Because of so many people coming in and out of Rwanda as refugees it is hard to know exactly how many were killed but most experts believe the total was around 800,000 people. This includes about 750,000 Tutsis and approximately 50,000 Hutus who did not support the genocide and the killings. It is believed that only about 130,000 Tutsis survived the massacres. In February 2002, the Rwandan government released the results of the first major census that tried to establish the number of people killed in the genocide. It found that 1,074,017 people -- approximately one-seventh of the total population -- were murdered, with Tutsis accounting for 94 percent of the victims.

Who was responsible?

In Rwanda, some 120,000 people were jailed on allegations of participation in the genocide, and thousands died in the brutal and unsanitary conditions of the jails. As of April 2000, some 2,500 people had been tried in court, with about 300 of them receiving death sentences.

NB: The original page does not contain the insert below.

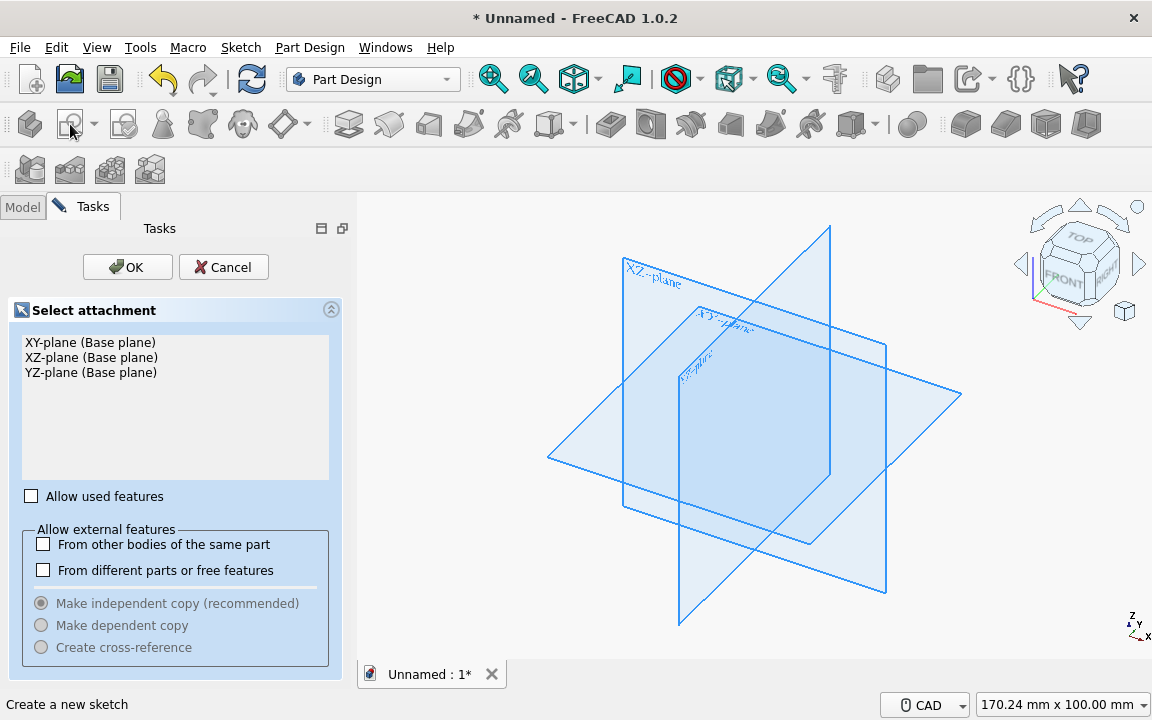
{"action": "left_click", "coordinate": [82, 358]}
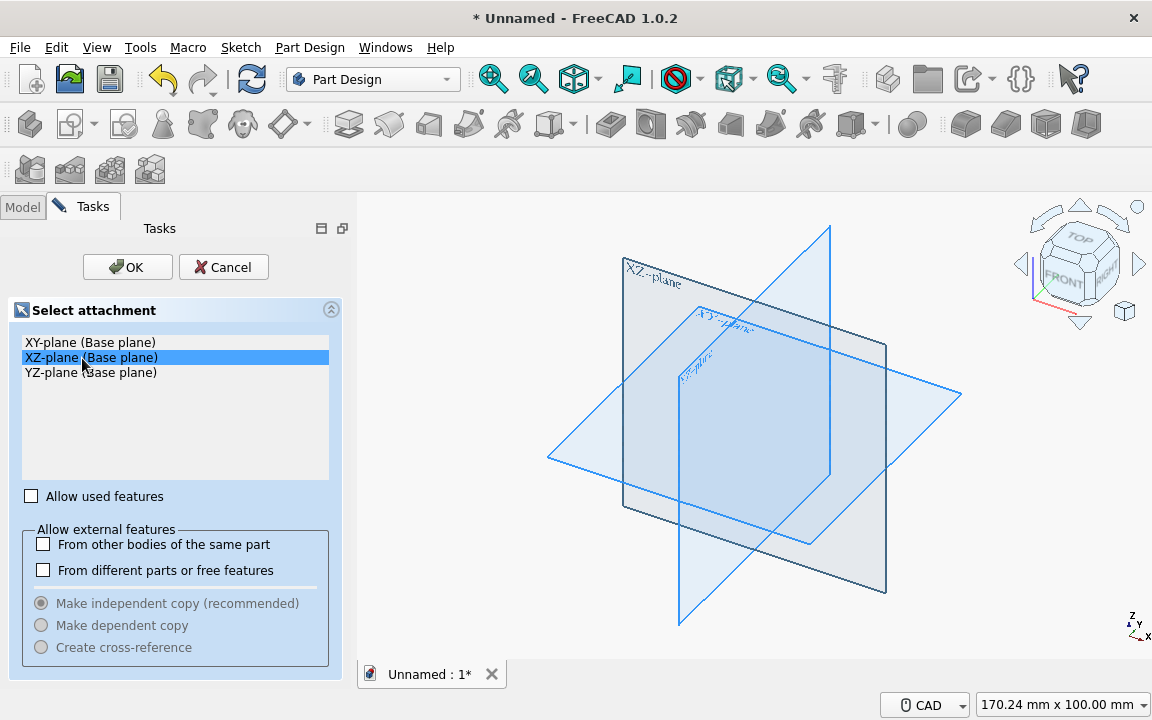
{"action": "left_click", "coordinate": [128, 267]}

Controversy has raged since 1994 over the role of foreign governments and the United Nations in allowing the genocide to proceed. Some people blame the U.N. for not doing anything to help the Tutsis. During the early weeks of slaughter international leaders refused use the word "genocide," as if avoiding the term could eliminate the obligation to confront the crime. Instead they called it a civil war. The major international actors -- policymakers in Belgium, the U.S., France, and the U.N. -- all understood how serious the crisis was but did not take action. Even if they could not have predicted the massive toll that the slaughter would eventually take, they were aware that the killings had started. They could have used their own national troops or UN troops or a combined force to confront the killers and immediately save lives. Instead they focused only on evacuating their own citizens, but they refused any joint military intervention to save Rwandan lives.

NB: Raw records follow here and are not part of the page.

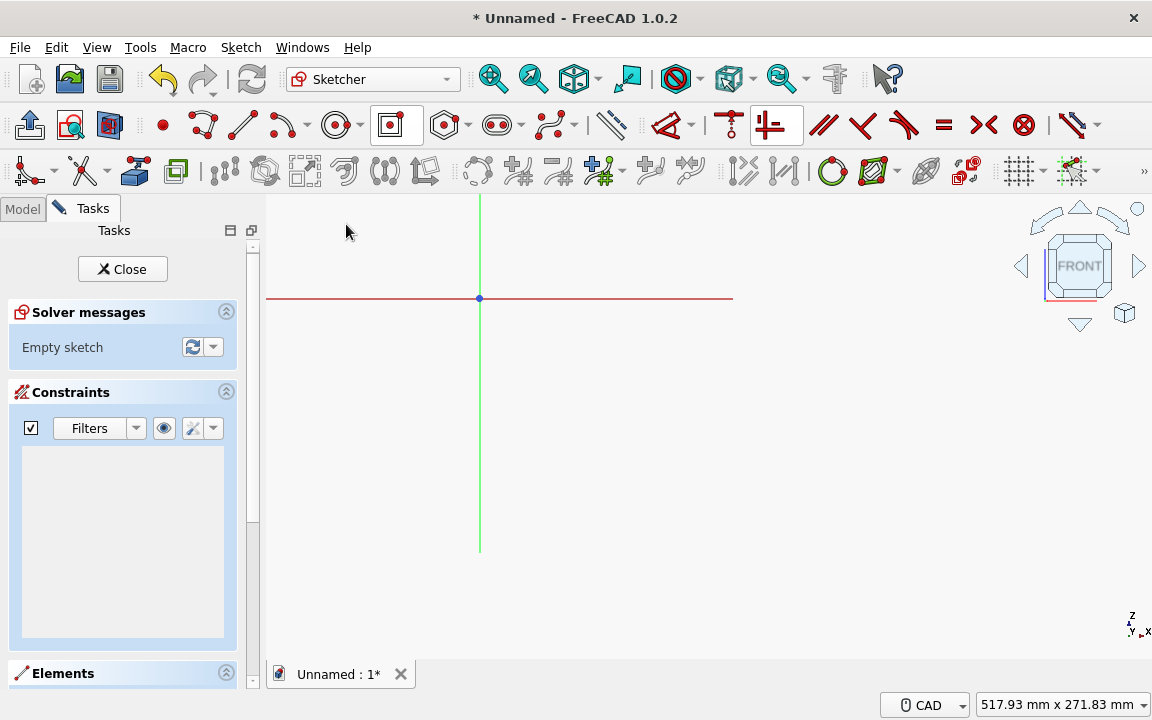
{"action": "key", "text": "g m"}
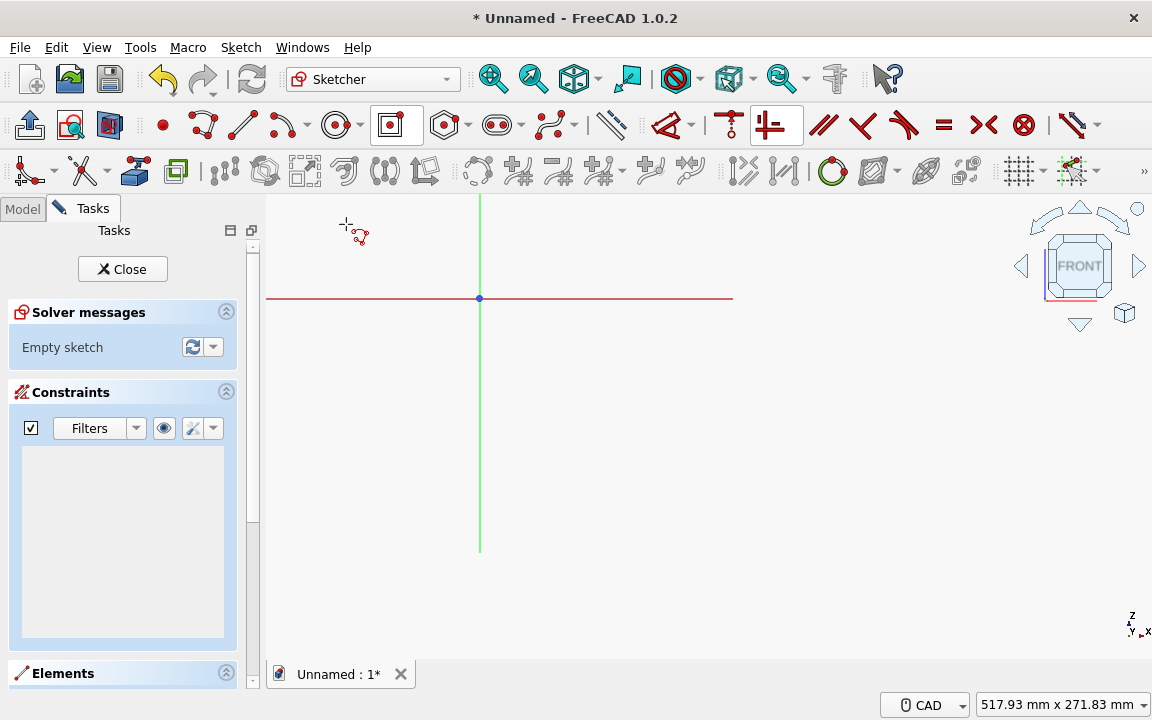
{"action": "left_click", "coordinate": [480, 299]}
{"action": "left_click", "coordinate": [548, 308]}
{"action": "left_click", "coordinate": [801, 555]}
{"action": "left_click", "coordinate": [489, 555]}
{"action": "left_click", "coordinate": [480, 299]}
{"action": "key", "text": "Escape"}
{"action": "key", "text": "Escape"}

The scars of the genocide will remain with Rwandans for generations, and may yet provoke another round of mass killing or another civil war. Rwanda's economy remains badly damaged, with little hope of a quick recovery. Many Tutsis still believe that the only way to ensure their survival is to repress the Hutus. Many Hutus who did not participate in the killings believe they have been proclaimed guilty by association and that no one cares about their past and current sufferings under the current Tutsi-led government. Extremists on both sides retain the belief that the only solution is the annihilation of the other. These groups are preparing for a future struggle, one that could include another wave of mass slaughter.